Thanking the president for the medal, Cousy quipped, "If I had known I was going be eulogized, I'd have probably done the only decent thing and died for you."
"Mr. President, I know in your world, you're well on your way to making America great again," Cousy said. "In my world, it's been great for 91 years. Only in America could my story have been told. I'm here to say I'm easily the most fortunate, lucky SOB on the planet."
"Mr. Basketball," as the 91-year-old Cousy was known when he was a point guard for the Boston Celtics in the 1950s and '60s, has been invited to the White House six times before. His first visit to the Oval Office, Cousy told CBS News in a phone call Wednesday, was during the Eisenhower administration. President Eisenhower, he recalled, asked him, "Cooz, how's your basketball?"
But he said receiving the Medal of Freedom "falls into a different category."
"It closes a circle.

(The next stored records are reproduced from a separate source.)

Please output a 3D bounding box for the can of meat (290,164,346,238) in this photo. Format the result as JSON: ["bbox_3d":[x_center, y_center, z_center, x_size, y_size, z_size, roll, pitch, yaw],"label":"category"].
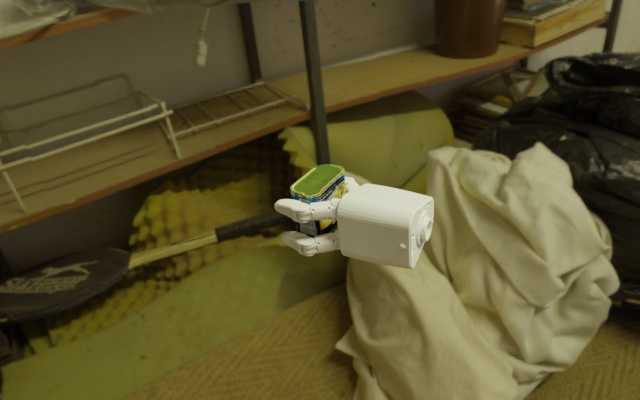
[{"bbox_3d":[0.000,0.002,0.730,0.057,0.084,0.102,13,37,29],"label":"can of meat"}]
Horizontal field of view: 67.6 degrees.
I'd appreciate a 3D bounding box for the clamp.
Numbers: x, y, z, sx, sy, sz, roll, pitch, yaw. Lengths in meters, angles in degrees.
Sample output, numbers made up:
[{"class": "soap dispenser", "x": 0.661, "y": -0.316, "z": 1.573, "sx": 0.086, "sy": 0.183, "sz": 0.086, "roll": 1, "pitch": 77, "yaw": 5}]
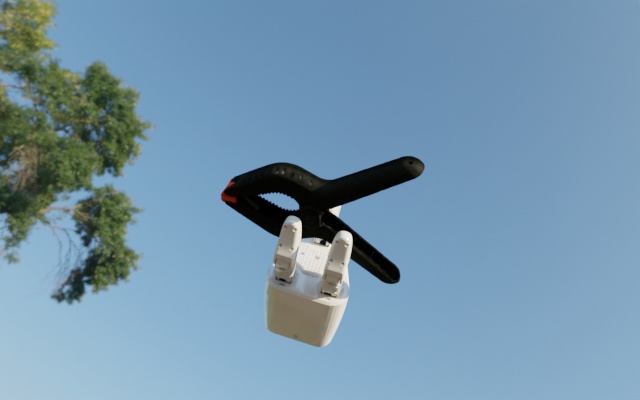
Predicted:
[{"class": "clamp", "x": 0.000, "y": 0.001, "z": 0.494, "sx": 0.210, "sy": 0.165, "sz": 0.036, "roll": 17, "pitch": 41, "yaw": 6}]

It's like the cherry on top of the sundae," he said. "At 91, you get excited when the doorbell rings."
Cousy still lives in what he described as the "laid-back New England town" of Worcester, Massachusetts, where he attended college and as a freshman, helped the College of the Holy Cross Crusaders win their first NCAA men's basketball championship in 1947.

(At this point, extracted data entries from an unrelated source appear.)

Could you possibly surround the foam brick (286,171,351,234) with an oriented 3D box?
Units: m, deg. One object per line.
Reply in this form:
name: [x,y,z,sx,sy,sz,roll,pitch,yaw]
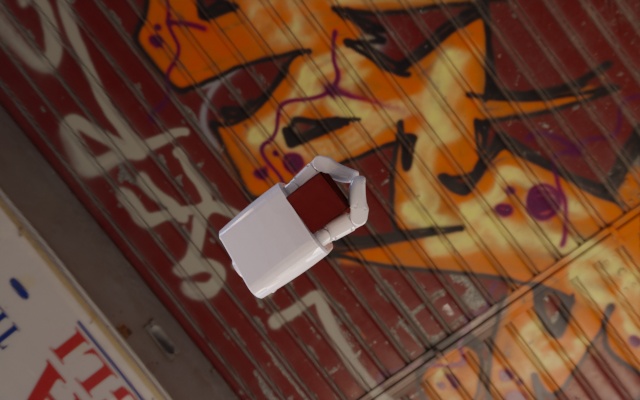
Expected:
foam brick: [0.000,0.002,0.566,0.051,0.053,0.078,-36,-3,6]
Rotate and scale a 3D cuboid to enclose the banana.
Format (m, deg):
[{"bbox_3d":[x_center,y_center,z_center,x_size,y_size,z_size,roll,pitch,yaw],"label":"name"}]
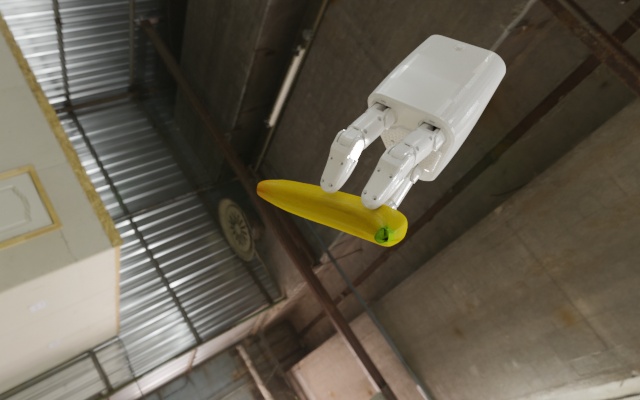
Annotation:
[{"bbox_3d":[0.015,0.008,0.455,0.070,0.037,0.197,24,-5,-39],"label":"banana"}]
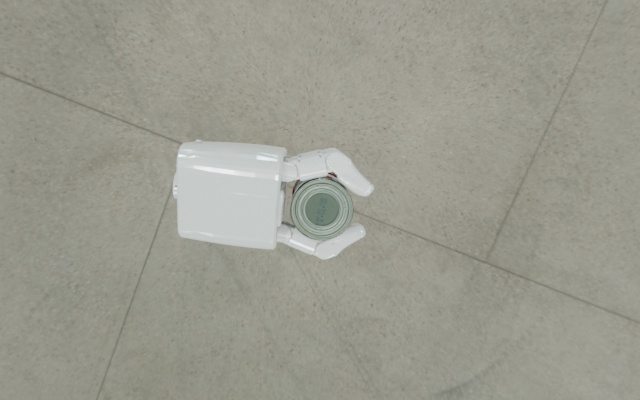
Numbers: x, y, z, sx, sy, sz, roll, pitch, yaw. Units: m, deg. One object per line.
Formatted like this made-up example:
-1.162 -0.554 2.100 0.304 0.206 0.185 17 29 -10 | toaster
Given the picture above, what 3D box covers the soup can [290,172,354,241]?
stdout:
0.001 0.002 0.540 0.068 0.068 0.102 0 9 -1 | soup can

After ending his NCAA career with a 26-game winning streak in his senior year, Cousy graduated from Holy Cross in 1950 and moved east on the Boston Turnpike to play for the Celtics, beginning his legendary 13-season run with the team.
Playing with his friend Bill Russell, a fellow Medal of Freedom recipient whom Cousy described as "the greatest center who ever played," "Cooz" won six NBA championships and was named the league's Most Valuable Player in 1957. He was an all-star each of his 13 years in the league, and was inducted into the Basketball Hall of Fame in 1971.

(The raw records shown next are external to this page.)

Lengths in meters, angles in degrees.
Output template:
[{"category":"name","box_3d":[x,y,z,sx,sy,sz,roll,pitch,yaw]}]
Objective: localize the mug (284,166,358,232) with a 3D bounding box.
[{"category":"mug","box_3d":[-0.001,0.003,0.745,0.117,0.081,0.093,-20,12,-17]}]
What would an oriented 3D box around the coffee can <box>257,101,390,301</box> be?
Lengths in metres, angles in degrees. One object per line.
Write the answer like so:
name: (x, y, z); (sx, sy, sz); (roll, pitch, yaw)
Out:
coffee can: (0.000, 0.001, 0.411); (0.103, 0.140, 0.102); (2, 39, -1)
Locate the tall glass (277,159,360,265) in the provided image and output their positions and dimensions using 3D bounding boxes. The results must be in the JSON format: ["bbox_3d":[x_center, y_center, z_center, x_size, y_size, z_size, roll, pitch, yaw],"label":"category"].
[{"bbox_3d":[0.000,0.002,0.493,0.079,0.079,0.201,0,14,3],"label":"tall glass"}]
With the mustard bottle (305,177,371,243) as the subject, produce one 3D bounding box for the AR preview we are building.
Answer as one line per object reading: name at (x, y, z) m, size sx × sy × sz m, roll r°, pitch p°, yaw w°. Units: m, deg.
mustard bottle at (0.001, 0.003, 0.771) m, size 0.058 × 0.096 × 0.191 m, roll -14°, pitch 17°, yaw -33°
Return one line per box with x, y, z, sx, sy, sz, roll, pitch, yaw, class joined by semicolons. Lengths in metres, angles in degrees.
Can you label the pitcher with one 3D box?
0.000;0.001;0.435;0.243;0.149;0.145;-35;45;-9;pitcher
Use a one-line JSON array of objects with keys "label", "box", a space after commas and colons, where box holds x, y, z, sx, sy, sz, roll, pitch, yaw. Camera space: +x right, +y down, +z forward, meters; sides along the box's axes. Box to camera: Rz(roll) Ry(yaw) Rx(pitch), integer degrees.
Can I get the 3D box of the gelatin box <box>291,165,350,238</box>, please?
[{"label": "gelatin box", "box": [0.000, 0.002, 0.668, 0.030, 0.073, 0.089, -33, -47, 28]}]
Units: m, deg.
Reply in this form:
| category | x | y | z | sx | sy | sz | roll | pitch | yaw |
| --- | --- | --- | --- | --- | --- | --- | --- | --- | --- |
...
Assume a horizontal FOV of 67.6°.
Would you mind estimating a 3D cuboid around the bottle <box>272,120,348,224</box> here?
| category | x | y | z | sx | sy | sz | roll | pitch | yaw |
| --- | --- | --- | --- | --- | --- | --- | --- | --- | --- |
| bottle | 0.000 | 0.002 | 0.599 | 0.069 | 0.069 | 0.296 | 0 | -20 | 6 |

Cousy said he's been considered before for the Medal of Freedom, during the Obama administration, and he received support from Massachusetts icons like former Senator James McGovern, former Governor Deval Patrick, and future presidential contender, Senator Elizabeth Warren.
After befriending the "very helpful" Democratic Senator Joe Manchin, a sometime-Trump ally whom Cousy praised for "voting his conscience," the retired Celtic said he received an unexpected call from the president in December.
"I gave it a two-count," he said of the call from the president, which he feared might be a prank.
To Cousy, who last traveled to the White House to meet President Reagan, neither the novelty nor the division of the Washington he's visiting on Thursday is lost.
"In my 91 years, I've never seen this kind of polarization," he said. "It doesn't seem to me we will ever have a Ronald Reagan – Tip O'Neill moment," in reference to the relationship between the conservative icon and the Democratic speaker of the House.
The grandfather of two said that in 2016, he voted for Libertarian Gary Johnson for president and is an independent. He said Wednesday he will most likely "pull [Trump's] lever" in the 2020 election, but blames the polarization in Washington on both sides of the aisle.
At the White House on Thursday, he said Mr. Trump was "the most extraordinary president of my lifetime."
Cousy observed of the president, "He's not a politician ... What you're seeing is what Donald Trump's been about his entire life." When asked if he would press Mr. Trump on the partisan divide, Cousy told CBS News that based on his experience with past presidents, he knows he won't get it in before the buzzer: "The president is not going to have time to chitchat."
For the Celtics legend, Thursday's visit is not about politics. He views the Medal of Freedom as perhaps the most prestigious recognition of his esteemed career and, and said, "I can stop chasing the bouncing ball."